-- Source data follows --

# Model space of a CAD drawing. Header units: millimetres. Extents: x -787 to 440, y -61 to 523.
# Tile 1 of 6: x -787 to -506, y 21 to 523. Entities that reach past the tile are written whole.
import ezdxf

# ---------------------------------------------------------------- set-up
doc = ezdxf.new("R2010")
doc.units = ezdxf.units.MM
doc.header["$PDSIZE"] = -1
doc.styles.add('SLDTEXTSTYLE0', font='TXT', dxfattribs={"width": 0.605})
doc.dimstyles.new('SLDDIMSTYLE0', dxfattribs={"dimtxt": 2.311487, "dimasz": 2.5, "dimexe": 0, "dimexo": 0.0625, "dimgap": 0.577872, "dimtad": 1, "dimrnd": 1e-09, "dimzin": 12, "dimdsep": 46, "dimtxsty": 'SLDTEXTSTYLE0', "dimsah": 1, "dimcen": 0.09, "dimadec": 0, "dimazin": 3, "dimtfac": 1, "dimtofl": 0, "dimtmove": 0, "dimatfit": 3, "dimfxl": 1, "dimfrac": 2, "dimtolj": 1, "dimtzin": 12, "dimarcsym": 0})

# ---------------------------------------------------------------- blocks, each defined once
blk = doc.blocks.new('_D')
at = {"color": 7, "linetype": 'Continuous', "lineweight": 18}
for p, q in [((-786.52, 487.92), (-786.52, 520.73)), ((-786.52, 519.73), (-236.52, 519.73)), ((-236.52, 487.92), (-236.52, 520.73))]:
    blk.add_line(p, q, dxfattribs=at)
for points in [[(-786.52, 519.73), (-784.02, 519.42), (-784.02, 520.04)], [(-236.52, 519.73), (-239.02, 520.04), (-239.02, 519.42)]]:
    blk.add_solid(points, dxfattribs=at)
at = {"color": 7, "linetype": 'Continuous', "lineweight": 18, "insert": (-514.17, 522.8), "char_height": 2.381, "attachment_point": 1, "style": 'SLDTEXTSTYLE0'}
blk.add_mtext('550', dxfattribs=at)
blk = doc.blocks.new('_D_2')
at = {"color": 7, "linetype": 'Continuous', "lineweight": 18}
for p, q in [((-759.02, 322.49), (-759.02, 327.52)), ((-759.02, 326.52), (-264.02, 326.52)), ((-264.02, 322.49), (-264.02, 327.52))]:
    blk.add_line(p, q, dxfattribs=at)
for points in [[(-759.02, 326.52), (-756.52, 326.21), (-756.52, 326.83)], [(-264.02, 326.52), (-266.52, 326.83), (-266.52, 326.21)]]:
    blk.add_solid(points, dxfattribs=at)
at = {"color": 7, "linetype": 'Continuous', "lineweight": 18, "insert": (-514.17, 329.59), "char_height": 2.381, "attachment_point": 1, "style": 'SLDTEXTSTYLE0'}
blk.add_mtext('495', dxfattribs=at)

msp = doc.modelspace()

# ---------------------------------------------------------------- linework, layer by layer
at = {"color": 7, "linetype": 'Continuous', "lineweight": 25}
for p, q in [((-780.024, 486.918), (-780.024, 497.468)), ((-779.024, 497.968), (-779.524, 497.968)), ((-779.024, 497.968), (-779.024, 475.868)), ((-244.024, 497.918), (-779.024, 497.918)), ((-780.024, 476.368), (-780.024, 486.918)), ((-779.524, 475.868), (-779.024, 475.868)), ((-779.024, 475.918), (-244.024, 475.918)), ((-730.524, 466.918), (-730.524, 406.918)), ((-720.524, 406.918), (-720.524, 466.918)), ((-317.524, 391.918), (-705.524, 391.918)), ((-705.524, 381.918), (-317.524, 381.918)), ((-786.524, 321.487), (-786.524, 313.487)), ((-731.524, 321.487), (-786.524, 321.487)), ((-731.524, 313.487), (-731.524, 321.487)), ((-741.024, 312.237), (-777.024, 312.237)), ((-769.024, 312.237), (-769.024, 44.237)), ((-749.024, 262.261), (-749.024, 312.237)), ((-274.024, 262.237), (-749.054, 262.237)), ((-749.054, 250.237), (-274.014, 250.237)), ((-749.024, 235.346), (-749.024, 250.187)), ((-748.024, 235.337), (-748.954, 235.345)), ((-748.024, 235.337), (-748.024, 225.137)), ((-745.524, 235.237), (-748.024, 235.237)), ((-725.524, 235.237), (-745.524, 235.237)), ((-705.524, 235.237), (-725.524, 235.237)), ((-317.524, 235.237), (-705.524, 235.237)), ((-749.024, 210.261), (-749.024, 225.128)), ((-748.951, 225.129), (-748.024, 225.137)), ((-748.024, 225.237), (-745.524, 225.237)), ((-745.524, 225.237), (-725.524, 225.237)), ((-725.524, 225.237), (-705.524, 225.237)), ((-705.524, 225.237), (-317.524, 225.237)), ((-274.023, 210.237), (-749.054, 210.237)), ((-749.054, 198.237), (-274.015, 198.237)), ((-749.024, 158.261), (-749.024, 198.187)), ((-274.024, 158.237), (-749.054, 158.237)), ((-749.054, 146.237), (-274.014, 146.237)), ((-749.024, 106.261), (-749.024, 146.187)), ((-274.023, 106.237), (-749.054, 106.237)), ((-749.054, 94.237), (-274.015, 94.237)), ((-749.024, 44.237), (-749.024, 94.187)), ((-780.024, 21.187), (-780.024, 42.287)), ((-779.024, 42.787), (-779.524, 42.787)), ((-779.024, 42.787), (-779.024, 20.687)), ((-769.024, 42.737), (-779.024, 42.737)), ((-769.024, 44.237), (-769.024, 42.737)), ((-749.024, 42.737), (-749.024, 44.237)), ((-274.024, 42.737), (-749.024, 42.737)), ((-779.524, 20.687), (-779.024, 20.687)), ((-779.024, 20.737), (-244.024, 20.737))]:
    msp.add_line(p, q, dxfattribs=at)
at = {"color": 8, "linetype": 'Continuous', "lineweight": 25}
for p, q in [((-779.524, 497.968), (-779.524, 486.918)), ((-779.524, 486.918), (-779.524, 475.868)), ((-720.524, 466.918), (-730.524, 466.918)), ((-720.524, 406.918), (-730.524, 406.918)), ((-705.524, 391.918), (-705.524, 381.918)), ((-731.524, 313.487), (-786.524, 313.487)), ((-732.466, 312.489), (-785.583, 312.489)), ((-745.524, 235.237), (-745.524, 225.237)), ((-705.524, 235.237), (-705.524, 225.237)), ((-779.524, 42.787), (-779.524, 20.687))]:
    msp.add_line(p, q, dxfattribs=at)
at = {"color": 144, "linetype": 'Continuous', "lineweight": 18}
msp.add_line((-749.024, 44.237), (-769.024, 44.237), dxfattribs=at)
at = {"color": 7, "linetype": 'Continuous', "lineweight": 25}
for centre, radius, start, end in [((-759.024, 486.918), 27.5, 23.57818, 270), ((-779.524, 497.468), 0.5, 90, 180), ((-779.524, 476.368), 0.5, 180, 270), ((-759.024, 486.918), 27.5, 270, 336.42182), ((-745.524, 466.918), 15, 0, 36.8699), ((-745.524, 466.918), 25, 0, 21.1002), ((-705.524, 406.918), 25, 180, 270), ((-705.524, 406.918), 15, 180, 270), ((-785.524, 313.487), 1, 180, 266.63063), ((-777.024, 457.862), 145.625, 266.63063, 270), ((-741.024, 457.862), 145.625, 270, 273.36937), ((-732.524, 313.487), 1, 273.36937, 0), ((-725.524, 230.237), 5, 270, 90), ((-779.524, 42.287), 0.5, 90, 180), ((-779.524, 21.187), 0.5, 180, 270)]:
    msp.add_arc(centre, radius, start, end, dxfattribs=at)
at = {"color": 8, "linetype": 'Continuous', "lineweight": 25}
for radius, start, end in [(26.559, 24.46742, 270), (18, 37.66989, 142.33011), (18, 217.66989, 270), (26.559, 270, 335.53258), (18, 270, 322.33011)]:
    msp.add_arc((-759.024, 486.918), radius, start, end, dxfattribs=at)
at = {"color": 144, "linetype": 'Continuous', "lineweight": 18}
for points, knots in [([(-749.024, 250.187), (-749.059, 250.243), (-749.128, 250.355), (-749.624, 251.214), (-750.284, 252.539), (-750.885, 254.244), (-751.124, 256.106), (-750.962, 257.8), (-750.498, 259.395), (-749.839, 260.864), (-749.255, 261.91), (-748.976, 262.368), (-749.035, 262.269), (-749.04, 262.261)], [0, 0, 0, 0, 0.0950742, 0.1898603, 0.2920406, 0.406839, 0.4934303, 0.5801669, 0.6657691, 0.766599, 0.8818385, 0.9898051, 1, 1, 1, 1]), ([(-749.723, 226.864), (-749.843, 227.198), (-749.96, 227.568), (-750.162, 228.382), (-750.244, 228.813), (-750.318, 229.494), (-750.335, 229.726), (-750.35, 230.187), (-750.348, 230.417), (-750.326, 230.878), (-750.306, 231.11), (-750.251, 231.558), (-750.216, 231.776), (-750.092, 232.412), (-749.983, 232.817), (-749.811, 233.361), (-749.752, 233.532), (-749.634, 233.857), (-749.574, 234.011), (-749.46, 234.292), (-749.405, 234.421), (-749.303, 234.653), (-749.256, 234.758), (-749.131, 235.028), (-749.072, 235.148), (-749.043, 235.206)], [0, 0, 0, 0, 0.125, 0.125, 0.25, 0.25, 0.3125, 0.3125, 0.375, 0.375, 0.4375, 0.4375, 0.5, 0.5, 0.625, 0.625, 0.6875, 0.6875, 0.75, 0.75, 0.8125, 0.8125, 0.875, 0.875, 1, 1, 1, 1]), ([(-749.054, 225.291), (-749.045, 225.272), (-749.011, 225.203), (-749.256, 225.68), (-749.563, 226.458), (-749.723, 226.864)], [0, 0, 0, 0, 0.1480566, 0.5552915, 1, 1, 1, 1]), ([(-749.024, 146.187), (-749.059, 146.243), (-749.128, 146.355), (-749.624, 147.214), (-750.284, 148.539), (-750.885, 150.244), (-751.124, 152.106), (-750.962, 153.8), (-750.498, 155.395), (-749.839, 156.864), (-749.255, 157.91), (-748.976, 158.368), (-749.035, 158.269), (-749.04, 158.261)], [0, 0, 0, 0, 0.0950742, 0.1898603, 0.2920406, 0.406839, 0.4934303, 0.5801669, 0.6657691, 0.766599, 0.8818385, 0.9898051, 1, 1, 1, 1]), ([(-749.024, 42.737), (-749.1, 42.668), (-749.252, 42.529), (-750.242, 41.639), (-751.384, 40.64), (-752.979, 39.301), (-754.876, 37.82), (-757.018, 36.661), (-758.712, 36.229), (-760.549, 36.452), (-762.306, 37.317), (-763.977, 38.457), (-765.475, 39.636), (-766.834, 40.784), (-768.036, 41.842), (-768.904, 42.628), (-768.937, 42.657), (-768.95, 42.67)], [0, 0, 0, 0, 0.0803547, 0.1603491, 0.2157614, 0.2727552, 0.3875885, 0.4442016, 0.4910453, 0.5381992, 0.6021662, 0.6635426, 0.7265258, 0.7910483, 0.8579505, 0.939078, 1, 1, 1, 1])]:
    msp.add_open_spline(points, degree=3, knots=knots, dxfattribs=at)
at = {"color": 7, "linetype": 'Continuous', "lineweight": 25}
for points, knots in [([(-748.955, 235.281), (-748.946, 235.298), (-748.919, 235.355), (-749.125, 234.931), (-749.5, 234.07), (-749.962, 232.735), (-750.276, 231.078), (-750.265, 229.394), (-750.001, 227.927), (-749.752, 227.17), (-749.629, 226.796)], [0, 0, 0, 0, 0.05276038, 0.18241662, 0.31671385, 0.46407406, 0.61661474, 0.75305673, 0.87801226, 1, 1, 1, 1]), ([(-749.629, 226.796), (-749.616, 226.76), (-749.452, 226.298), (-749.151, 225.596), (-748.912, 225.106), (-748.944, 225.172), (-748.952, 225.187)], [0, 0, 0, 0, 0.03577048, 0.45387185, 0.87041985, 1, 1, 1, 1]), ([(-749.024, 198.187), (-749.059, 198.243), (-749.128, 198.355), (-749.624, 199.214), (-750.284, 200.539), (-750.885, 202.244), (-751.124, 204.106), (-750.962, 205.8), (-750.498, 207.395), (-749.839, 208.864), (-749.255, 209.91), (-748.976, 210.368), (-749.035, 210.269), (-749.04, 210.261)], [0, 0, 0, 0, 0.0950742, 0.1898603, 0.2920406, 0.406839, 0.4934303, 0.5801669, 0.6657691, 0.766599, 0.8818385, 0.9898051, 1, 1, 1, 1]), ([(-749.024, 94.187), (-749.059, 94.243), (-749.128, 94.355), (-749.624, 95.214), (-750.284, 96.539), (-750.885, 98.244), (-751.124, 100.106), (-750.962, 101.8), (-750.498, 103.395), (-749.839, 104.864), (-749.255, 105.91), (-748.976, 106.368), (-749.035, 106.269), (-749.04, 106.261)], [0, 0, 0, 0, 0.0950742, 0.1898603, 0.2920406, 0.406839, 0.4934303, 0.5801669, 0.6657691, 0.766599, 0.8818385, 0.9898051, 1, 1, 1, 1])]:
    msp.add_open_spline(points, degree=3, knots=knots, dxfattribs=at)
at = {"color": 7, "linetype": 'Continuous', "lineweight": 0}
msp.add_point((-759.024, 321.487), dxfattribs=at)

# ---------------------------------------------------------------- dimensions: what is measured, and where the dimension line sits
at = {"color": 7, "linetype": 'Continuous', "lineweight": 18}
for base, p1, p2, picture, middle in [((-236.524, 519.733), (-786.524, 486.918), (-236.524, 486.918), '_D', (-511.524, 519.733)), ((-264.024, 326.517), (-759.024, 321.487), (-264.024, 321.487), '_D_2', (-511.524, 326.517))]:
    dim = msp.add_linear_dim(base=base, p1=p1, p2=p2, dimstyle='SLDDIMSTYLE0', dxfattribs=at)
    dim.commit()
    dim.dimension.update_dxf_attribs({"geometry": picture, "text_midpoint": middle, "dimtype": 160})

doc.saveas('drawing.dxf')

-- Source data concluded --
-- Source data follows --

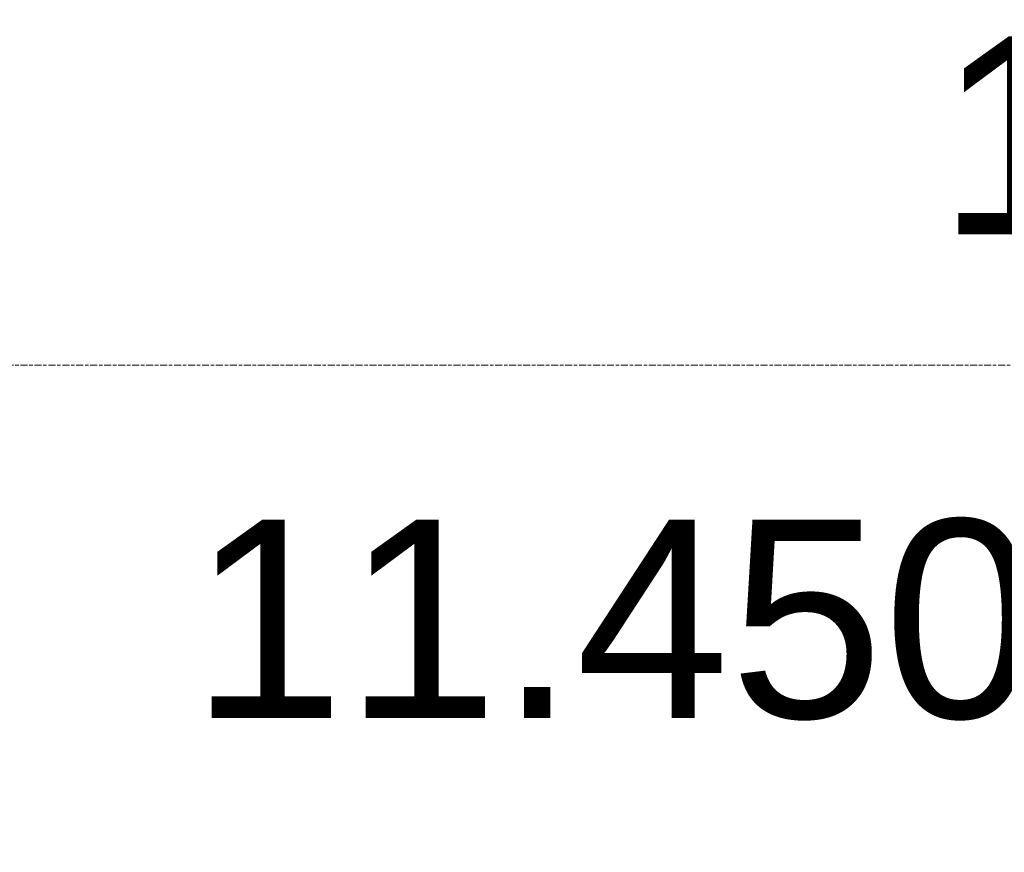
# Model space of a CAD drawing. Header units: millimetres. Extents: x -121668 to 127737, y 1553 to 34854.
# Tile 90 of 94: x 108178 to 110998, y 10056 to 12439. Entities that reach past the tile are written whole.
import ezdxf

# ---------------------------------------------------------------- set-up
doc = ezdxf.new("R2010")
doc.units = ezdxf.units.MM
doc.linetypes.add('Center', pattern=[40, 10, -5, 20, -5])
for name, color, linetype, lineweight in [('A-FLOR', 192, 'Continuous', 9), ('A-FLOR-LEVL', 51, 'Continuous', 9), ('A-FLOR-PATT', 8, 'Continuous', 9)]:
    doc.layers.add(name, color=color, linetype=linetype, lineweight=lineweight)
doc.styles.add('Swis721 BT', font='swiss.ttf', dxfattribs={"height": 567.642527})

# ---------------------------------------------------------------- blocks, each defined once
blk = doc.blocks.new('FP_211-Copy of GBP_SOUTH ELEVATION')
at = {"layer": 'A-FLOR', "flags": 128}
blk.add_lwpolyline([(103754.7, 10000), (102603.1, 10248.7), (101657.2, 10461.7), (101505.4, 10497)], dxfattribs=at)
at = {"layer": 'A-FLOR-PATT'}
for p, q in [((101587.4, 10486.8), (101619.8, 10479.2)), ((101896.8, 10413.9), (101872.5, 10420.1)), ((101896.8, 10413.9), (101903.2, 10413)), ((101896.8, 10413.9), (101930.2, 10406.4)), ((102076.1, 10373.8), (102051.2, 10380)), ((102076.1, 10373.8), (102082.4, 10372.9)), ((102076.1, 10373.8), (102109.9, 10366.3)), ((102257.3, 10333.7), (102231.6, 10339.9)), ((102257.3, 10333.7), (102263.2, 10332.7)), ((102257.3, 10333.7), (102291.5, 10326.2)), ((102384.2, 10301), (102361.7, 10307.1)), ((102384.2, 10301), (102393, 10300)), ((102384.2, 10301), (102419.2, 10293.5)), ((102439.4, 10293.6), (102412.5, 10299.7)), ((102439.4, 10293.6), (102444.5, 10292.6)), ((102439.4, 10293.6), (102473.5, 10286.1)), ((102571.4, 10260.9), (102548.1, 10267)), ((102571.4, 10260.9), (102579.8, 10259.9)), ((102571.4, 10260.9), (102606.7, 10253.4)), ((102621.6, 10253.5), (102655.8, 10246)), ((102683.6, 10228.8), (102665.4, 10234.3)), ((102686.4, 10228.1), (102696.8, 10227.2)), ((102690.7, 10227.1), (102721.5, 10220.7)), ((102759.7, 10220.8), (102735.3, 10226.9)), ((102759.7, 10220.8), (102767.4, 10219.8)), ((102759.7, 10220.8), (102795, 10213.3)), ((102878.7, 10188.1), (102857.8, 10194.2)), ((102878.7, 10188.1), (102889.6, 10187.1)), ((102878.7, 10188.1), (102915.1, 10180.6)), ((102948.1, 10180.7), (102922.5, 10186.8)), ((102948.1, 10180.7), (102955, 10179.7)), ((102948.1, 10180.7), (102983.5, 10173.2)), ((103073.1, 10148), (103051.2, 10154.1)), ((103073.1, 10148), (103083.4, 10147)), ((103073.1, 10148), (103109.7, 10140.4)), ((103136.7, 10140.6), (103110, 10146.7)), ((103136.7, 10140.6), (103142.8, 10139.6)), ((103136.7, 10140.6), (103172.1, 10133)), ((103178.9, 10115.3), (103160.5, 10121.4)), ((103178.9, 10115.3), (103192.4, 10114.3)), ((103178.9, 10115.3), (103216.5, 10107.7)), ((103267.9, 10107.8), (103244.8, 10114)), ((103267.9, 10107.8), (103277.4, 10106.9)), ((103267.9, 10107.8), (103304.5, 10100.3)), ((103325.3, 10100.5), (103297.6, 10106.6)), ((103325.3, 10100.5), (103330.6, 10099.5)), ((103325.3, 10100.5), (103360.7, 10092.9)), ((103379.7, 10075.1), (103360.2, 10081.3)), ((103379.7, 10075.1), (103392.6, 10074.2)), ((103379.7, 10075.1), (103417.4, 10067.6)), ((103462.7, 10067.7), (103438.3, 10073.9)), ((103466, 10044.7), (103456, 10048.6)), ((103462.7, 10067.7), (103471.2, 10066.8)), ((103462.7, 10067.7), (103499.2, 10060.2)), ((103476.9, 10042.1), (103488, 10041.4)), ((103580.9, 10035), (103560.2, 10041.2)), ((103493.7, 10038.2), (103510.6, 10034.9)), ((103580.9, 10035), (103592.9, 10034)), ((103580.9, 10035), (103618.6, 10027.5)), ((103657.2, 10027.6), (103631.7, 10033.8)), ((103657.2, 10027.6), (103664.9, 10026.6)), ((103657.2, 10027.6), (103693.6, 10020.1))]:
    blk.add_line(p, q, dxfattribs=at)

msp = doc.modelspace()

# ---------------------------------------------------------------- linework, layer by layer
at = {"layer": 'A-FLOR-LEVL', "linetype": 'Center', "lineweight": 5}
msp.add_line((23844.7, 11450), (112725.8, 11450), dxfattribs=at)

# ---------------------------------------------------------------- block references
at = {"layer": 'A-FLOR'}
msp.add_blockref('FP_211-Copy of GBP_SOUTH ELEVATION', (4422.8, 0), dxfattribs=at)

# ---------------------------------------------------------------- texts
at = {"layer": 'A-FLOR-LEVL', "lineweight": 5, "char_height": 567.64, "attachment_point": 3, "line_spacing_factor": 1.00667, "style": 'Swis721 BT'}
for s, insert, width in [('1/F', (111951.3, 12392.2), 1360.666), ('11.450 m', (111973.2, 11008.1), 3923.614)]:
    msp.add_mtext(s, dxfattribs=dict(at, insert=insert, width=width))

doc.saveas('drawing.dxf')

-- Source data concluded --
-- Source data follows --

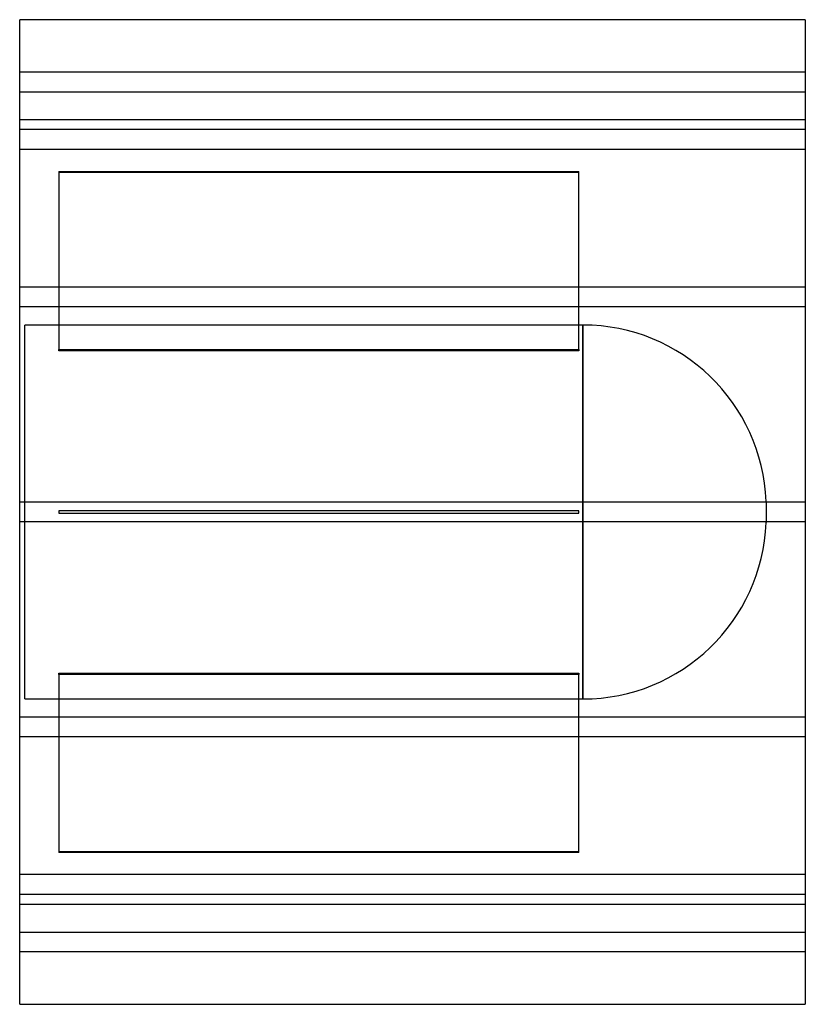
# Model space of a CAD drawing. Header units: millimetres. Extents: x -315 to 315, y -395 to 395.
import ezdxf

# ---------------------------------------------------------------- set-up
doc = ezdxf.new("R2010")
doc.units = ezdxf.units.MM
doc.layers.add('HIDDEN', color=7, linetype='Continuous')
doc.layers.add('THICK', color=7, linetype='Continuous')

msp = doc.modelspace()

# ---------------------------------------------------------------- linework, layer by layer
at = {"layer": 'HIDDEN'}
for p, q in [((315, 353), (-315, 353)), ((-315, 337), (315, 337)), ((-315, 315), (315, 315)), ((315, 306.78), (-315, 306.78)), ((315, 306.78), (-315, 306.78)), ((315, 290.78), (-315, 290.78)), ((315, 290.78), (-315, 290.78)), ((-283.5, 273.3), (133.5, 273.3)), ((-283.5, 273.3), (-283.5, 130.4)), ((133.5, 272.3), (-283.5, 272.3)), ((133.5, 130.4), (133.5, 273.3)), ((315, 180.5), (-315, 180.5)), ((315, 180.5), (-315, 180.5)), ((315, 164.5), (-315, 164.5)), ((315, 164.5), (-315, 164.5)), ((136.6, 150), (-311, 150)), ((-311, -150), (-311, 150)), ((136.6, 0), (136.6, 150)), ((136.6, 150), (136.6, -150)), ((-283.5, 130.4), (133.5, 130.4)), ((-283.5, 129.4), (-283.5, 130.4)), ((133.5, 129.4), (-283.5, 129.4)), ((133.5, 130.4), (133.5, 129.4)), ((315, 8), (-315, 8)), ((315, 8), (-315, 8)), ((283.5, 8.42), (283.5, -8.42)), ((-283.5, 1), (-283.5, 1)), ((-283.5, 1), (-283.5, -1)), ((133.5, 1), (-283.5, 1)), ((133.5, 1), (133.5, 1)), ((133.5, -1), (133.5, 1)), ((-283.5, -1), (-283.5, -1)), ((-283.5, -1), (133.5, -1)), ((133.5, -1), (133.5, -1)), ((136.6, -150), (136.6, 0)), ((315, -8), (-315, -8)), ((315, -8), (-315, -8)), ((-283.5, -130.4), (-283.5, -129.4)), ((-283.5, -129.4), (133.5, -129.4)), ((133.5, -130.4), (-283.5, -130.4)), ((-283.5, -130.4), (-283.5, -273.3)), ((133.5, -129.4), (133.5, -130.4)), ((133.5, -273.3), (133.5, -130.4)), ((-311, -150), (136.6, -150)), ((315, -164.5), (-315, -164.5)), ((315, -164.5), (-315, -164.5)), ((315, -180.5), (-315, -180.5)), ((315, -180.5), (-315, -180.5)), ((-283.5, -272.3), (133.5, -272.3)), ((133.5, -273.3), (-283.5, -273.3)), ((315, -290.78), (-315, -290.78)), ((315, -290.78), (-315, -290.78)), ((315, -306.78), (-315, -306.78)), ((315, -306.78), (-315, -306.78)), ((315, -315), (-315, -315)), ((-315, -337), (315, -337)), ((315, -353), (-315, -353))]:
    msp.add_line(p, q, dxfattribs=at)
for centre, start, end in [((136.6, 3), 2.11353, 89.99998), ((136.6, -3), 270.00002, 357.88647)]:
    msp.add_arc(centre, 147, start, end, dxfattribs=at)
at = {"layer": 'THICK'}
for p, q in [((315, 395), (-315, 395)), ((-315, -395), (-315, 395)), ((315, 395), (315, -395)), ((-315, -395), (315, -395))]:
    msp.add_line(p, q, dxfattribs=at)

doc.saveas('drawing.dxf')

-- Source data concluded --

_Task statement_
Using the records above, write out exactly the lines between the one holding "for name, color, linetype, lineweight" and the one holding "color=color, linetype=linetype, lineweight=lineweight)", inclusive; leave everything else out.

_Response_
for name, color, linetype, lineweight in [('A-FLOR', 192, 'Continuous', 9), ('A-FLOR-LEVL', 51, 'Continuous', 9), ('A-FLOR-PATT', 8, 'Continuous', 9)]:
    doc.layers.add(name, color=color, linetype=linetype, lineweight=lineweight)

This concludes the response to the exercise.